В светлом дне, в теплом близком лесу, в птичьем свисте, в серебряной ряби реки вдруг что-то слегка изменилось. Будто легла на все прозрачная, едва уловимая тень. Легкая муть, затмившая солнце. Он испытал внезапную тревогу, словно на его нагретые солнцем плечи скатилась волна холодного воздуха. На дороге раздался звук мотора. Появилась машина, темно-зеленая, с перламутровым отливом и блестящим радиатором. Затормозила и встала. Белосельцев против солнца не мог разглядеть пассажиров, но чувствовал их взгляды. Именно машина, похожая на морское существо, сидящие в ней люди были источником тревоги. С их приближением в солнечном дне появилась непрозрачная дымка.
Машина постояла минуту, из-под колес брызнула гарь, и она сорвалась с места. Белосельцев на мгновение увидел лицо, экземно-красное, словно ошпаренное кипятком, и оно показалось ему знакомым. Он пытался вспомнить, где видел это лицо. Не мог. Шум мотора затихал на дороге. Трещали дрова в костре. Пели птицы. Но в воздухе раз появилась и уже не исчезала легкая мгла.
– Ну, в путь, с Богом! – поднялся отец Владимир. – Благословенно место сие!
Они сложили скатерку, погасили огонь и тронулись дальше в путь.
Обитель они увидали через пойму, перелески и тихую лесистую речку. Белые храмы, золотые купола среди красного соснового бора. Отец Владимир, Павлуша и Катя перекрестились на это бело-золотое видение.

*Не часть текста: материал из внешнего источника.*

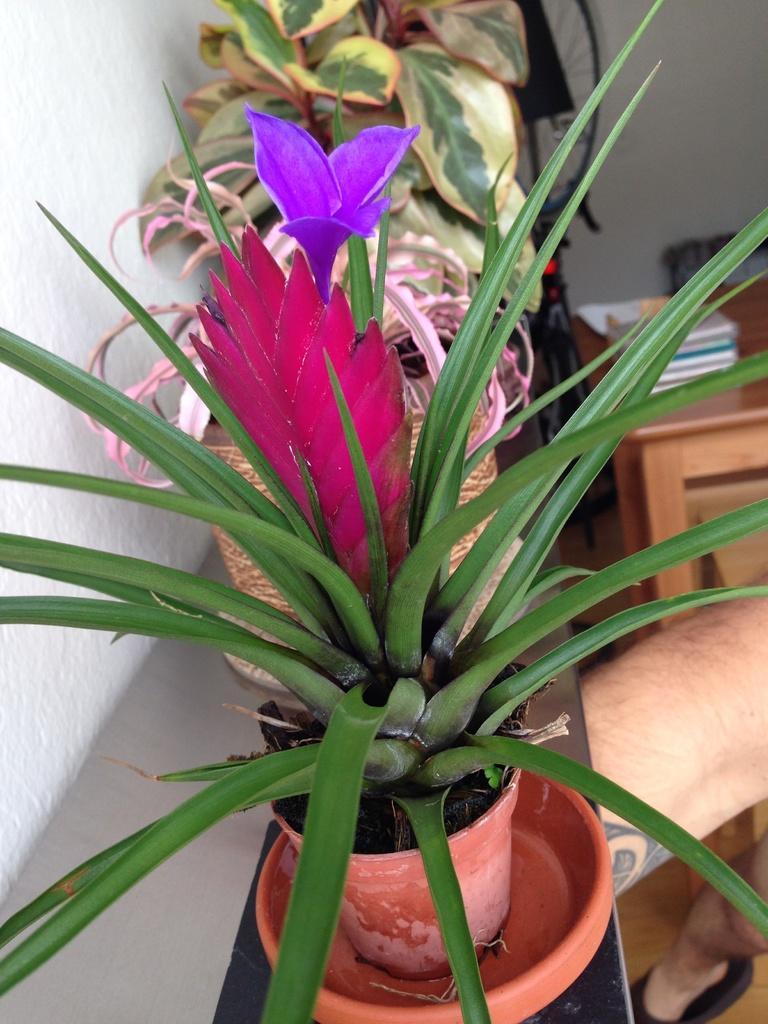Can you describe this image briefly? In this image there are flower pots on the desk, books on the table, a wheel on the stand, a person and the wall. 
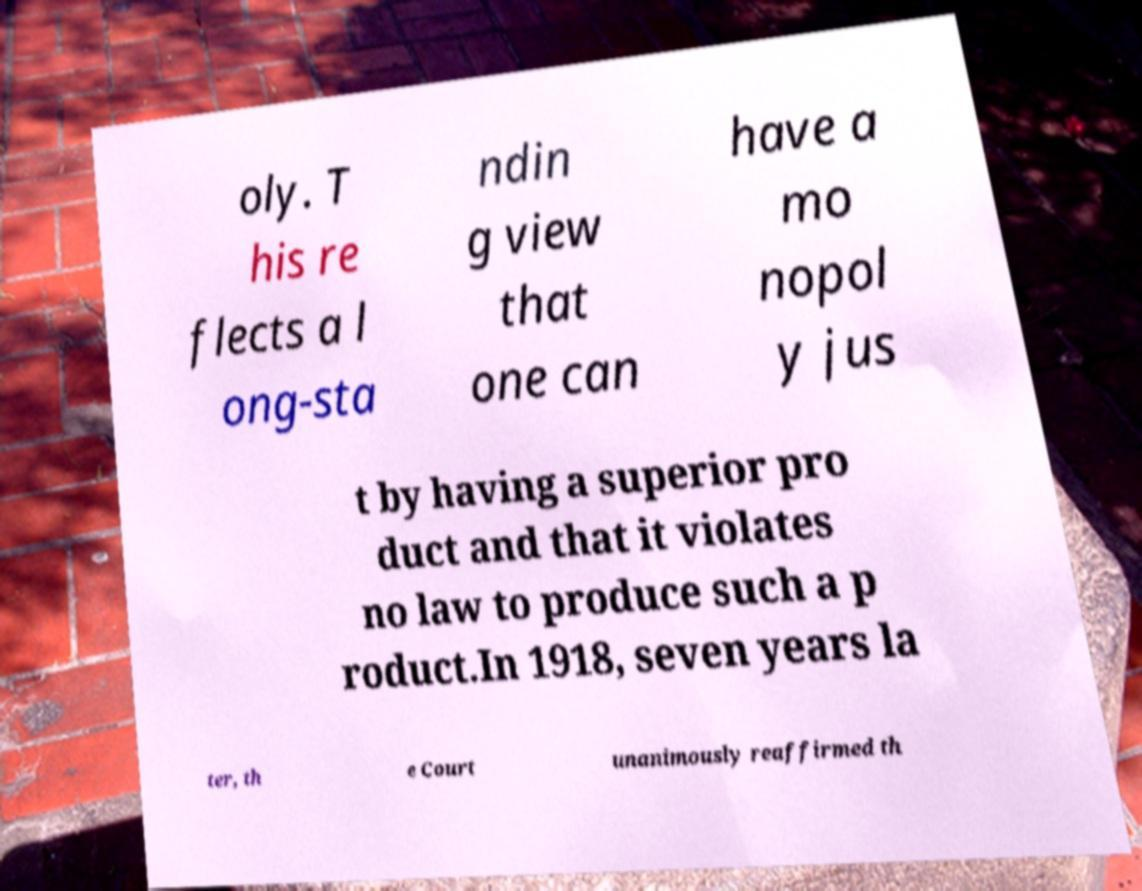Can you accurately transcribe the text from the provided image for me? oly. T his re flects a l ong-sta ndin g view that one can have a mo nopol y jus t by having a superior pro duct and that it violates no law to produce such a p roduct.In 1918, seven years la ter, th e Court unanimously reaffirmed th

А у Белосельцева, вместо ожидаемой радости, дрогнуло от нехорошего предчувствия сердце. Сияющие купола были подернуты все той же едва заметной пеленой, которая гасила золотое солнце куполов и радостное ликование в душе.
Они миновали маленький пыльный городок, въехали в древний сосновый бор. Прокатили мимо красных, уходящих ввысь сосен. Оказались у монастырских стен. Обитель, казавшаяся из полей плавающим островом, нерукотворным чудом, здесь, вблизи, выглядела скромней и обыденней, с обшарпанными невысокими стенами, жестяными облупленными ангелами на низкорослых угловых башнях. Сквозь растворенные ворота в обе стороны проходили богомольцы. Какая-то женщина в запыленной долгополой юбке и мужских стоптанных башмаках подошла под благословение отца Владимира.
Они прошли сквозь ворота и оказались среди каменных палат, пристроек, церквей и часовен. Некоторые были обновлены, оштукатурены, покрашены в нежно-розовые и зеленые тона. На других шла работа, укреплялась кладка. Вместо проржавелой кровли укладывались новые медные листы. Тут же, на земле, под навесом, была устроена звонница. На свежеструганой балке висели зеленые колокола, с их языков свисали толстые верви. Под навес к колоколам вела усыпанная песком дорожка.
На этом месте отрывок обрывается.